Weekend Arts: David Bowie – Genius or .. ah stuff it. Genius.

bowie lazarusI’ve been listening to David Bowie’s new album, Blackstar over the past couple of days, and I have to say – it’s like nothing he’s done for years.

Bowie’s one of those unique creatures, who can keep reinventing himself.

This current album’s been described as bleakly noir, and inaccessible, and evocative, and introspective.

But its also been described as contrived, and pretentious, and just plain weird.

And its all of those things.

But most of all, it’s thought-provoking.

From the relatively ‘pop” Lazarus (I did say “relatively”) … to Girl Loves Me – which mixes incomprehensible English lyrics with ‘Polari’ (a slang used by circus performer, criminals and a gay subculture) and ‘Nasdat’ (the language invented for A Clockwork Orange), this album is nothing if not complex.

In fact, trying to unpack it may be deliberately impossible: in I Cant Give Everything Away, he sings “Saying no but meaning yes, this is all I ever meant, that’s the message that I sent”.

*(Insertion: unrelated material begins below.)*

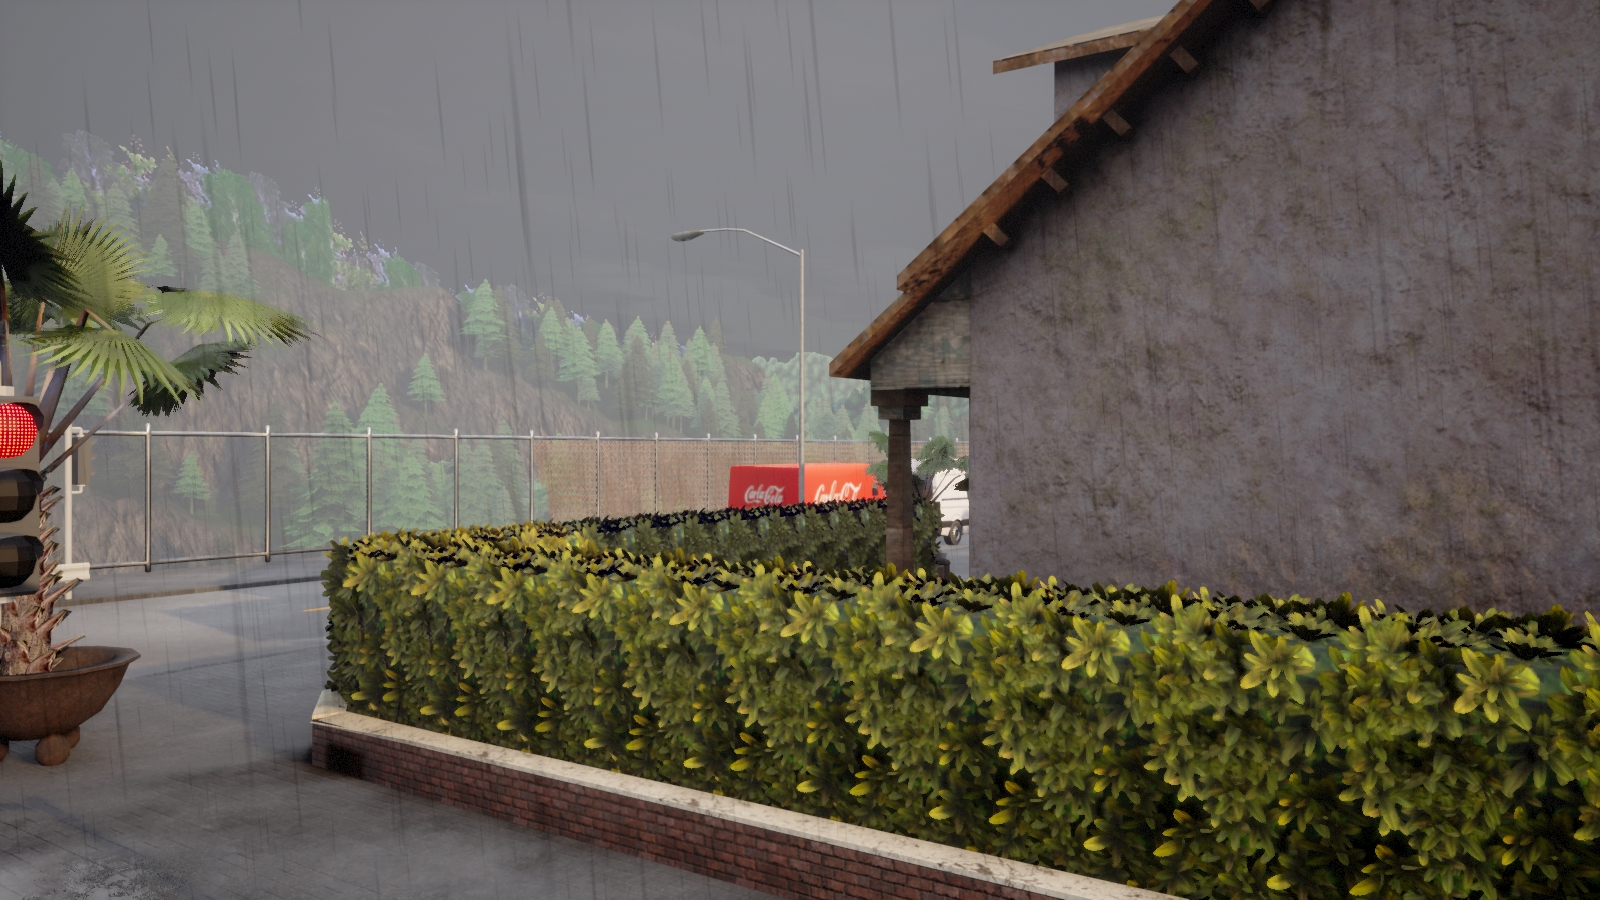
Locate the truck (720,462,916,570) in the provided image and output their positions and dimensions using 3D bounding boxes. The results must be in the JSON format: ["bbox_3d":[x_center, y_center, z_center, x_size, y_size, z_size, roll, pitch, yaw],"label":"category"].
[{"bbox_3d":[0.584,1.568,29.600,2.627,2.467,5.204,0,0,35],"label":"truck"}]

And as for ‘Tis A Pity She Was A Whore’, this is a piece where he blends experimental jazz with R&B in a discordant mess that you will either make you go “Wow”, or make you go “Ow!”

As I say, this is like nothing Bowie’s done for years. And I’ll have to listen multiple times before I finally decide whether he is a musical genius, or a flawed genius.

But either way, genius he is.

bowie blackstar

The whole album’s available on Youtube, by the way, at Bowie’s Vevo channel

ADDENDUM:
I wrote this piece just before Bowie’s death by cancer was announced, and in the 12 hours since, I’ve been wondering about the album’s lyrics, in the wake of that.

It’s obvious that  much of the album was about unresolvable questions about life, and death.

The album is full of lyrics like Blackstar’s “Something happened on the day he died; Spirit rose a meter and stepped aside. Somebody else took his place, and bravely cried..” or from Lazarus “Oh, I’ll be free Just like that bluebird, Oh, I’ll be free Ain’t that just like me?

I had taken them to just be the questions that any intelligent man approaching his 70s would ask  .. but what if this was Bowie’s sly nod to us, before we knew of his impending death? Was it his way of saying “I know my time is nigh – and now, so do you”?

Or maybe it was a thumbing his nose at the universe, a giant “Up Yours!” .. To quote from Dollar Days, “If I’ll never see the English evergreens I’m running to It’s nothing to me

As I said in my review – “trying to unpack it may be deliberately impossible.”

Vale, David Bowie – you were an integral part of my life, from adolescence to retirement.